L. Courtney Smith

L. Courtney Smith
Professor of Biology
SEH 5690
[email protected]
L. Courtney Smith Website

Areas of Expertise

Molecular evolution of immune systems; cell and molecular biology of immune responses in echinoderms.

Current Research

Our interest in Marine Biomedicine is centered on understanding the innate immune system of invertebrates and focused on the purple sea urchin, Strongylocentrotus purpuratus. Annotation of the sea urchin genome and the identification of gene models encoding proteins that function in immunity has demonstrated that innate immune system of this long-lived invertebrate is complex and sophisticated. Many of the immune response genes are expressed in the immune cells, or coelomocytes, that become activated in response to infection or injury.

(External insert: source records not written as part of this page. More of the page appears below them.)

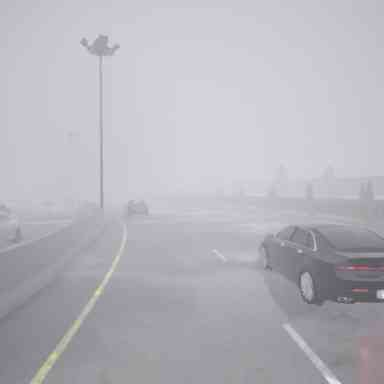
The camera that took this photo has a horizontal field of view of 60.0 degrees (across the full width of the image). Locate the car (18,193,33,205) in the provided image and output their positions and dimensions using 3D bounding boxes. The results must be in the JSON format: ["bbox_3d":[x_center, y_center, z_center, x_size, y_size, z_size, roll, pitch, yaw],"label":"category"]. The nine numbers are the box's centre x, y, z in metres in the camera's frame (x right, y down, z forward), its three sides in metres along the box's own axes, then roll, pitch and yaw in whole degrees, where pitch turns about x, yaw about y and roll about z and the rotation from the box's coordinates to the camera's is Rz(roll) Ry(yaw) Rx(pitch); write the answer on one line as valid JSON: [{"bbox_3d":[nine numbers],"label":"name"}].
[{"bbox_3d":[-31.031,1.262,62.010,2.150,2.045,5.566,-1,0,-26],"label":"car"}]

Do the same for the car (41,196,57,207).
[{"bbox_3d":[-22.218,1.354,51.558,2.097,1.767,4.553,-1,0,-25],"label":"car"}]

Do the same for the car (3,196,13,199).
[{"bbox_3d":[-38.691,1.500,69.921,2.128,1.511,4.902,-1,0,-26],"label":"car"}]

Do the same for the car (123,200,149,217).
[{"bbox_3d":[-5.142,1.428,30.298,2.128,1.511,4.902,0,0,-18],"label":"car"}]

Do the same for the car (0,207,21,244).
[{"bbox_3d":[-8.337,1.533,13.269,1.812,1.442,4.674,0,0,-10],"label":"car"}]

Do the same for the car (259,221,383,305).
[{"bbox_3d":[3.044,1.464,8.007,1.837,1.490,4.892,0,0,-5],"label":"car"}]

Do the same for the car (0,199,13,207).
[{"bbox_3d":[-14.233,1.515,23.627,2.128,1.511,4.902,0,0,-16],"label":"car"}]

EST analysis has identified a number of genes that are upregulated in activated coelomocytes in response to lipopolysaccharide (LPS), other pathogen associated molecular patterns, and heat killed Vibrio diazotrophicus (a marine bacterium). These include homologues of the complement cascade, a number of lectins, a Tie receptor homologue (a putative growth factor receptor), antimicrobial peptides called SpStrongelocins, and a family of genes called Sp185/333, among other genes.

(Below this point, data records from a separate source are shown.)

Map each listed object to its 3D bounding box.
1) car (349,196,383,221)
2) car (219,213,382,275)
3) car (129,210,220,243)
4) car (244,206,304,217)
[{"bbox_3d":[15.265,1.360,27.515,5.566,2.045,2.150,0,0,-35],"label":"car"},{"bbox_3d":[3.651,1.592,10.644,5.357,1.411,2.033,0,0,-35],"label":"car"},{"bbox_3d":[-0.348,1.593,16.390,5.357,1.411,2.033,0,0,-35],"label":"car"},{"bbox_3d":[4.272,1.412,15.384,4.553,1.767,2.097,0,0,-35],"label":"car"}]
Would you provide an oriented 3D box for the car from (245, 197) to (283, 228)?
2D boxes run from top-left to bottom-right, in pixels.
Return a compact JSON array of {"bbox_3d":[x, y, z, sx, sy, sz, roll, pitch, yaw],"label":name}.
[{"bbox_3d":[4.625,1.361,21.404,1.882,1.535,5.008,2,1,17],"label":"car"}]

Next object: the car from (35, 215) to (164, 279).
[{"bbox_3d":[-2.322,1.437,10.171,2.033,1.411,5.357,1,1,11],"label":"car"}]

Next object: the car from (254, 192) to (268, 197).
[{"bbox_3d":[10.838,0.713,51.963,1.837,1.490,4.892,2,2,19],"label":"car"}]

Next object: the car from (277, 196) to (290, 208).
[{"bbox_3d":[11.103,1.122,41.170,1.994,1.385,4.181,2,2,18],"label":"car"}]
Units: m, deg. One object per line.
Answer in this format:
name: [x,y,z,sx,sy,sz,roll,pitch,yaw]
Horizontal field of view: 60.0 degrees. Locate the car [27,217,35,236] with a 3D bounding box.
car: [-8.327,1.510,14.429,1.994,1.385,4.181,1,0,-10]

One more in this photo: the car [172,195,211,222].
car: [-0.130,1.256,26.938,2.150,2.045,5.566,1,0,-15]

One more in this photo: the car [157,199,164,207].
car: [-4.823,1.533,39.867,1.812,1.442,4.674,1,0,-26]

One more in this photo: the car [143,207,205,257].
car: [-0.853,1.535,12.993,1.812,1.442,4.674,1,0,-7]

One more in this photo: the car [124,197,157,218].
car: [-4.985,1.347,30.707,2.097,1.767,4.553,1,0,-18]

The Sp185/333 genes are strongly upregulated in response to immune challenge and were identified by suppression subtractive hybridization. BLAST analysis of the resulting ESTs matched to two submissions in GenBank called DD185 and EST333. We combined the numbers for a non-descript name because the deduced amino acid sequences do not have conserved domains and do not show matches to known proteins. The messages are unusual because optimal alignments require the insertion of large gaps that define 25 blocks of sequence called elements. The high level of sequence diversity among the messages is primarily based on the presence and/or absence of elements that generate recognizable element patterns, in addition to small indels and SNPs. Curiously, about half of the messages encode proteins with early stop codons from SNPs and missense sequences resulting from frameshifts.

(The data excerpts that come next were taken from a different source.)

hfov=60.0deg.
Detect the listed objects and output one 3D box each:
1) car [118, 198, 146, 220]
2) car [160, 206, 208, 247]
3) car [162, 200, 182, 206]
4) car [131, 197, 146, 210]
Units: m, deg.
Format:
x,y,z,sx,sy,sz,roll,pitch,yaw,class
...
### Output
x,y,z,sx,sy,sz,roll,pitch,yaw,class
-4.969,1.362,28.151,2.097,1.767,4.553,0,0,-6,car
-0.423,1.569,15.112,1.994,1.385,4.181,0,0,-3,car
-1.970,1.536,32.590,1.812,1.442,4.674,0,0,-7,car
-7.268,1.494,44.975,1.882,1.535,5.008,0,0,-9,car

An evaluation of the sea urchin genome (ver. 0.5) identified a few Sp185/333 genes, which appear tightly clustered, in agreement with amplicon sizes from intergenic PCR. The genes are 2kB or less and are composed of two exons, of which the first encodes a leader sequence and the second encodes the mature protein. The second exon includes the mosaic pattern of elements in addition to a variety of both tandem and interspersed repeats. The presence of repeats enables a second, equally optimal alignment of the sequences wherein the elements are correlated with the repeats. Detailed computational analysis of the repeat and element sequences strongly suggests that the genes undergo frequent recombination, and molecular clock analysis suggests that the extant members of the family are evolutionarily very young. When attempts were made to match messages to the most likely gene from which they had been transcribed, another level of diversification was identified. The messages are known to encode truncated proteins, some with missense sequence, however, the genes have perfect open reading frames encoding full-length proteins. The result of sequence matches between messages and genes shows very poor identity for individual animals, suggesting a mechanism for editing the messages either during or after transcription. The preponderance of C to U substitutions in genes compared to messages suggest that a cytidine deaminase may be involved.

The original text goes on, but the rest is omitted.